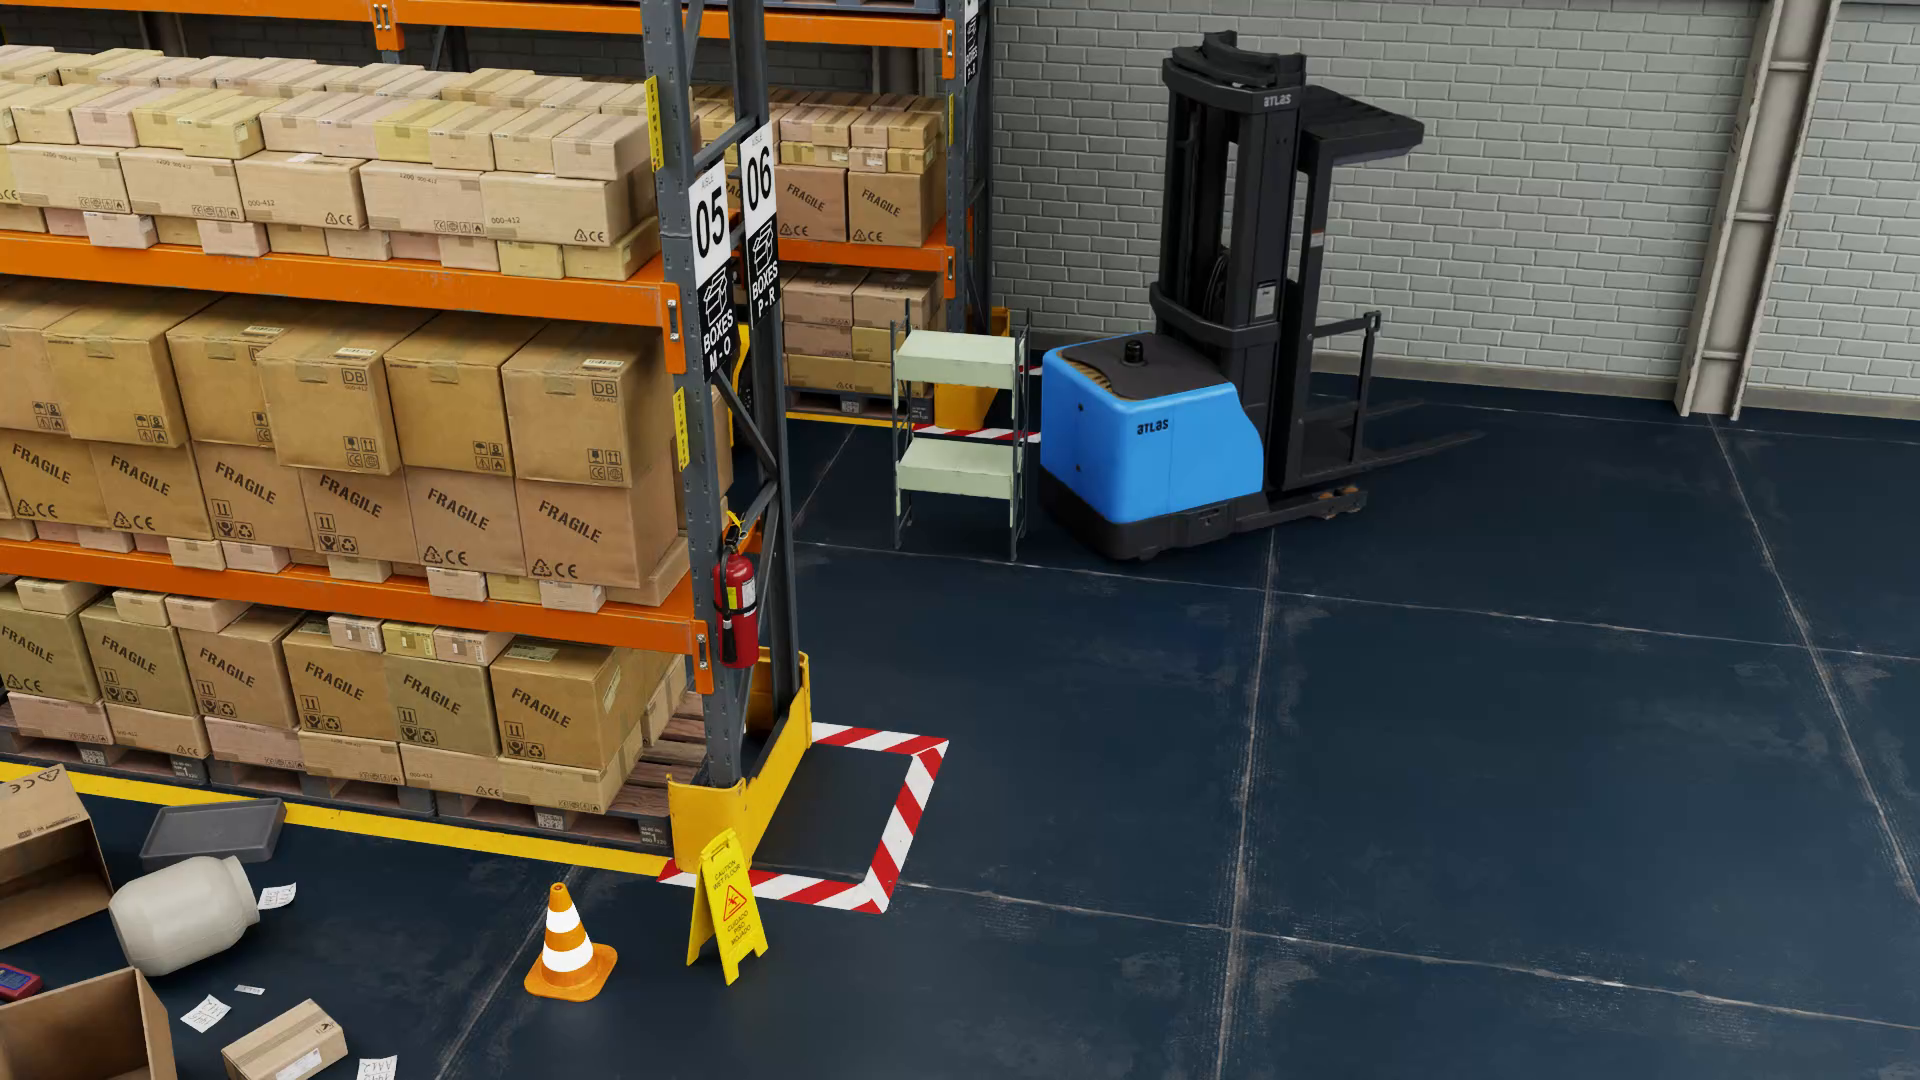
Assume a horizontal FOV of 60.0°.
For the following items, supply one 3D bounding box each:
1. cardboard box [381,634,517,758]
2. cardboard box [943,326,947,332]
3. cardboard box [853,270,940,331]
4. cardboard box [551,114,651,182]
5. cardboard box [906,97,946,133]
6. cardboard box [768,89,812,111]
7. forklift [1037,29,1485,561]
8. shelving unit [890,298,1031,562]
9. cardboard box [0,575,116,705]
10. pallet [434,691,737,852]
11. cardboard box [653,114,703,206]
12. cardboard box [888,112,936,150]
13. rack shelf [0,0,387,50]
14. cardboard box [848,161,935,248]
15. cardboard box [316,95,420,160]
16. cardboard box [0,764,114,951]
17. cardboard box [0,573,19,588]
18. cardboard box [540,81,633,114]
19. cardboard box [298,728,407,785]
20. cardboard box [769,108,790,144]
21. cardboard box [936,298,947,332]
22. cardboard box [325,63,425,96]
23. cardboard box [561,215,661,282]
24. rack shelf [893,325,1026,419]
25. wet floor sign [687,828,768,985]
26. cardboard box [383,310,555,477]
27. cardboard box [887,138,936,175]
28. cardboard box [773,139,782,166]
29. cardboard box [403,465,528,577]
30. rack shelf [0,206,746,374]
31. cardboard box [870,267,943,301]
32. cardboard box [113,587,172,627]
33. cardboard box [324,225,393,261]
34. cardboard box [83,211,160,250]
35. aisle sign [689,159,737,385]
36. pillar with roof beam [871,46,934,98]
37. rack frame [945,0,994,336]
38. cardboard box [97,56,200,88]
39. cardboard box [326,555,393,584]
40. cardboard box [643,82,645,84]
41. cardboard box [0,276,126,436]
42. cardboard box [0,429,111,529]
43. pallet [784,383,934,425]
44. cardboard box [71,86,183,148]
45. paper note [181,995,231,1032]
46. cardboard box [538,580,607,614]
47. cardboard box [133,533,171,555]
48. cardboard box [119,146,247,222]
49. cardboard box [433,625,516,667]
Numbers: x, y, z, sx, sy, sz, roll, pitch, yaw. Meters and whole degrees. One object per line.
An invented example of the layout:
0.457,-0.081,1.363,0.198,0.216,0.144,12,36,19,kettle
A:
-2.310,0.638,7.769,0.500,0.500,0.500,7,29,12,cardboard box
-0.368,-1.497,12.449,0.500,0.250,0.500,6,29,11,cardboard box
-0.444,-1.695,11.768,0.500,0.250,0.500,7,29,12,cardboard box
-1.353,-1.497,6.331,0.250,0.149,0.380,6,29,11,cardboard box
-0.212,-2.971,11.626,0.250,0.149,0.380,5,29,10,cardboard box
-1.224,-3.079,11.824,0.250,0.149,0.380,7,29,12,cardboard box
2.054,-1.632,10.341,3.031,2.935,1.130,-13,31,-23,forklift
0.007,-0.657,10.051,0.755,1.500,0.431,6,29,11,shelving unit
-4.352,0.431,8.146,0.500,0.500,0.500,7,30,13,cardboard box
-1.822,1.071,8.236,1.213,0.211,1.003,6,29,11,pallet
-1.397,-1.603,6.939,0.500,0.250,0.500,5,29,10,cardboard box
-0.322,-2.774,11.266,0.250,0.149,0.380,6,29,11,cardboard box
-5.796,-3.980,12.184,4.000,0.370,1.077,6,29,11,rack shelf
-0.464,-2.348,11.473,0.500,0.500,0.500,5,29,9,cardboard box
-2.326,-1.636,6.584,0.250,0.149,0.380,6,29,11,cardboard box
-4.109,1.394,7.343,0.500,0.500,0.500,-21,35,-33,cardboard box
-5.386,0.469,8.731,0.625,0.372,0.950,6,29,11,cardboard box
-1.516,-1.751,6.795,0.250,0.149,0.380,6,29,10,cardboard box
-2.826,0.915,8.043,0.500,0.250,0.500,5,29,9,cardboard box
-1.338,-2.831,11.371,0.250,0.149,0.380,7,29,12,cardboard box
-0.345,-1.720,12.336,0.500,0.250,0.500,6,29,11,cardboard box
-2.478,-1.910,7.085,0.250,0.149,0.380,7,29,12,cardboard box
-1.368,-1.157,6.539,0.250,0.149,0.380,6,29,11,cardboard box
0.007,-1.000,9.863,0.720,0.370,0.431,6,29,11,rack shelf
-0.999,1.508,6.986,0.232,0.644,0.267,17,33,28,wet floor sign
-2.000,-0.663,7.044,0.500,0.500,0.700,6,29,11,cardboard box
-0.326,-2.610,11.276,0.250,0.149,0.380,6,29,11,cardboard box
-1.334,-2.711,11.461,0.250,0.149,0.380,5,29,9,cardboard box
-2.038,-0.198,7.237,0.500,0.500,0.500,6,29,11,cardboard box
-2.917,-1.247,7.192,4.000,0.370,1.077,6,29,11,rack shelf
-0.359,-1.932,12.202,0.500,0.250,0.500,5,29,10,cardboard box
-3.740,0.238,7.823,0.250,0.149,0.380,7,29,13,cardboard box
-2.359,-1.268,6.743,0.250,0.149,0.380,6,29,10,cardboard box
-3.377,-1.336,6.867,0.250,0.149,0.380,5,29,10,cardboard box
-0.961,-1.045,6.489,0.004,0.787,0.394,6,29,11,aisle sign
-1.320,-3.481,7.399,0.400,9.000,9.100,6,29,11,pillar with roof beam
0.072,-2.378,11.632,0.127,3.000,1.000,6,29,11,rack frame
-3.495,-1.977,7.207,0.250,0.149,0.380,5,29,10,cardboard box
-2.637,0.031,7.493,0.250,0.149,0.380,6,29,10,cardboard box
-2.219,-3.204,12.052,0.250,0.149,0.380,6,29,10,cardboard box
-3.993,-0.853,7.392,0.500,0.500,0.700,6,29,11,cardboard box
-4.005,-0.408,7.619,0.500,0.500,0.500,6,29,10,cardboard box
-0.685,-1.212,12.406,1.213,0.211,1.003,6,29,11,pallet
-3.348,-1.713,6.726,0.250,0.149,0.380,5,29,10,cardboard box
-3.101,1.945,6.839,0.142,0.019,0.148,17,33,28,paper note
-1.642,0.153,7.270,0.250,0.149,0.380,6,29,10,cardboard box
-3.606,-0.089,7.712,0.250,0.149,0.380,6,29,10,cardboard box
-3.012,-1.502,6.755,0.500,0.250,0.500,6,29,11,cardboard box
-2.172,0.399,7.530,0.250,0.149,0.380,7,29,12,cardboard box

= Required action =
What is needed is every entry written out word for word, with no pictures.

= Solution to the exercise =
Assume a horizontal FOV of 60.0°.
For the following items, supply one 3D bounding box each:
1. cardboard box [381,634,517,758]
2. cardboard box [943,326,947,332]
3. cardboard box [853,270,940,331]
4. cardboard box [551,114,651,182]
5. cardboard box [906,97,946,133]
6. cardboard box [768,89,812,111]
7. forklift [1037,29,1485,561]
8. shelving unit [890,298,1031,562]
9. cardboard box [0,575,116,705]
10. pallet [434,691,737,852]
11. cardboard box [653,114,703,206]
12. cardboard box [888,112,936,150]
13. rack shelf [0,0,387,50]
14. cardboard box [848,161,935,248]
15. cardboard box [316,95,420,160]
16. cardboard box [0,764,114,951]
17. cardboard box [0,573,19,588]
18. cardboard box [540,81,633,114]
19. cardboard box [298,728,407,785]
20. cardboard box [769,108,790,144]
21. cardboard box [936,298,947,332]
22. cardboard box [325,63,425,96]
23. cardboard box [561,215,661,282]
24. rack shelf [893,325,1026,419]
25. wet floor sign [687,828,768,985]
26. cardboard box [383,310,555,477]
27. cardboard box [887,138,936,175]
28. cardboard box [773,139,782,166]
29. cardboard box [403,465,528,577]
30. rack shelf [0,206,746,374]
31. cardboard box [870,267,943,301]
32. cardboard box [113,587,172,627]
33. cardboard box [324,225,393,261]
34. cardboard box [83,211,160,250]
35. aisle sign [689,159,737,385]
36. pillar with roof beam [871,46,934,98]
37. rack frame [945,0,994,336]
38. cardboard box [97,56,200,88]
39. cardboard box [326,555,393,584]
40. cardboard box [643,82,645,84]
41. cardboard box [0,276,126,436]
42. cardboard box [0,429,111,529]
43. pallet [784,383,934,425]
44. cardboard box [71,86,183,148]
45. paper note [181,995,231,1032]
46. cardboard box [538,580,607,614]
47. cardboard box [133,533,171,555]
48. cardboard box [119,146,247,222]
49. cardboard box [433,625,516,667]
Numbers: x, y, z, sx, sy, sz, roll, pitch, yaw. Meters and whole degrees. One object per line.
An invented example of the layout:
0.457,-0.081,1.363,0.198,0.216,0.144,12,36,19,kettle
A:
-2.310,0.638,7.769,0.500,0.500,0.500,7,29,12,cardboard box
-0.368,-1.497,12.449,0.500,0.250,0.500,6,29,11,cardboard box
-0.444,-1.695,11.768,0.500,0.250,0.500,7,29,12,cardboard box
-1.353,-1.497,6.331,0.250,0.149,0.380,6,29,11,cardboard box
-0.212,-2.971,11.626,0.250,0.149,0.380,5,29,10,cardboard box
-1.224,-3.079,11.824,0.250,0.149,0.380,7,29,12,cardboard box
2.054,-1.632,10.341,3.031,2.935,1.130,-13,31,-23,forklift
0.007,-0.657,10.051,0.755,1.500,0.431,6,29,11,shelving unit
-4.352,0.431,8.146,0.500,0.500,0.500,7,30,13,cardboard box
-1.822,1.071,8.236,1.213,0.211,1.003,6,29,11,pallet
-1.397,-1.603,6.939,0.500,0.250,0.500,5,29,10,cardboard box
-0.322,-2.774,11.266,0.250,0.149,0.380,6,29,11,cardboard box
-5.796,-3.980,12.184,4.000,0.370,1.077,6,29,11,rack shelf
-0.464,-2.348,11.473,0.500,0.500,0.500,5,29,9,cardboard box
-2.326,-1.636,6.584,0.250,0.149,0.380,6,29,11,cardboard box
-4.109,1.394,7.343,0.500,0.500,0.500,-21,35,-33,cardboard box
-5.386,0.469,8.731,0.625,0.372,0.950,6,29,11,cardboard box
-1.516,-1.751,6.795,0.250,0.149,0.380,6,29,10,cardboard box
-2.826,0.915,8.043,0.500,0.250,0.500,5,29,9,cardboard box
-1.338,-2.831,11.371,0.250,0.149,0.380,7,29,12,cardboard box
-0.345,-1.720,12.336,0.500,0.250,0.500,6,29,11,cardboard box
-2.478,-1.910,7.085,0.250,0.149,0.380,7,29,12,cardboard box
-1.368,-1.157,6.539,0.250,0.149,0.380,6,29,11,cardboard box
0.007,-1.000,9.863,0.720,0.370,0.431,6,29,11,rack shelf
-0.999,1.508,6.986,0.232,0.644,0.267,17,33,28,wet floor sign
-2.000,-0.663,7.044,0.500,0.500,0.700,6,29,11,cardboard box
-0.326,-2.610,11.276,0.250,0.149,0.380,6,29,11,cardboard box
-1.334,-2.711,11.461,0.250,0.149,0.380,5,29,9,cardboard box
-2.038,-0.198,7.237,0.500,0.500,0.500,6,29,11,cardboard box
-2.917,-1.247,7.192,4.000,0.370,1.077,6,29,11,rack shelf
-0.359,-1.932,12.202,0.500,0.250,0.500,5,29,10,cardboard box
-3.740,0.238,7.823,0.250,0.149,0.380,7,29,13,cardboard box
-2.359,-1.268,6.743,0.250,0.149,0.380,6,29,10,cardboard box
-3.377,-1.336,6.867,0.250,0.149,0.380,5,29,10,cardboard box
-0.961,-1.045,6.489,0.004,0.787,0.394,6,29,11,aisle sign
-1.320,-3.481,7.399,0.400,9.000,9.100,6,29,11,pillar with roof beam
0.072,-2.378,11.632,0.127,3.000,1.000,6,29,11,rack frame
-3.495,-1.977,7.207,0.250,0.149,0.380,5,29,10,cardboard box
-2.637,0.031,7.493,0.250,0.149,0.380,6,29,10,cardboard box
-2.219,-3.204,12.052,0.250,0.149,0.380,6,29,10,cardboard box
-3.993,-0.853,7.392,0.500,0.500,0.700,6,29,11,cardboard box
-4.005,-0.408,7.619,0.500,0.500,0.500,6,29,10,cardboard box
-0.685,-1.212,12.406,1.213,0.211,1.003,6,29,11,pallet
-3.348,-1.713,6.726,0.250,0.149,0.380,5,29,10,cardboard box
-3.101,1.945,6.839,0.142,0.019,0.148,17,33,28,paper note
-1.642,0.153,7.270,0.250,0.149,0.380,6,29,10,cardboard box
-3.606,-0.089,7.712,0.250,0.149,0.380,6,29,10,cardboard box
-3.012,-1.502,6.755,0.500,0.250,0.500,6,29,11,cardboard box
-2.172,0.399,7.530,0.250,0.149,0.380,7,29,12,cardboard box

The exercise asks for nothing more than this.